We first sought to collate all sources of putative homology and analogy between the AEs in different species-centric anatomy ontologies (scAOs). Sometimes these came from the ontology themselves, in the form of xref tags in the underlying obo file. The xref tag has no fixed semantics, but is by convention used to link scAOs to gAOs - see for example OBO Mappings. For the mouse-human mappings we relied on [REF:Bodenreider et al]. In other cases we had to create our own mappings by running the Obol S3 algorithm (simple synonym and stemming) which performs basic text-based matching.

We then sought to eliminate as many non-isomorphic (1-1) pairwise mappings as possible. This was done on an ad-hoc basis by a non-expert by occasional consultation with experts. This aspect could use further curation.

We collected grouping classes based on mappings. We used an extremely promiscuous grouping algorithm, finding the maximally self-connected sets. This undoubtedly results in some meaningless classes. Each grouping class was given an ID and placed in ontology called UBERON. This ontology includes is_a links incoming from the external AOs, and the superset of all synonyms and definitions from the external AOs.

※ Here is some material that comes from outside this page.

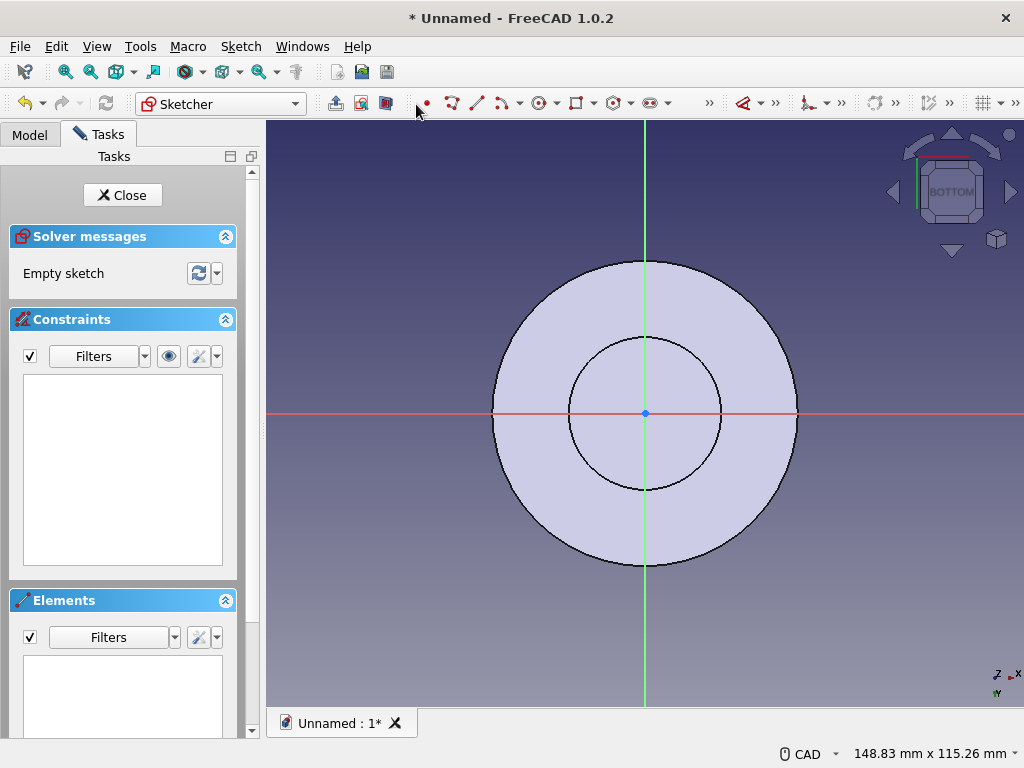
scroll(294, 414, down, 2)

Finally we added links to the ontology based on links in the external AOs. Again, we were extremely liberal in what we accepted: if an external AO contained a link (X,R,Y) (asserted or logically entailed) we also created a link (X',R,Y'), where X<->X' and Y<->Y' are mappings. This ultra-liberal policy undoubtedly creates invalid links. The goal is to create the maximal set for now, and curate this in future. 3 cyclic links were generated, these were manually removed.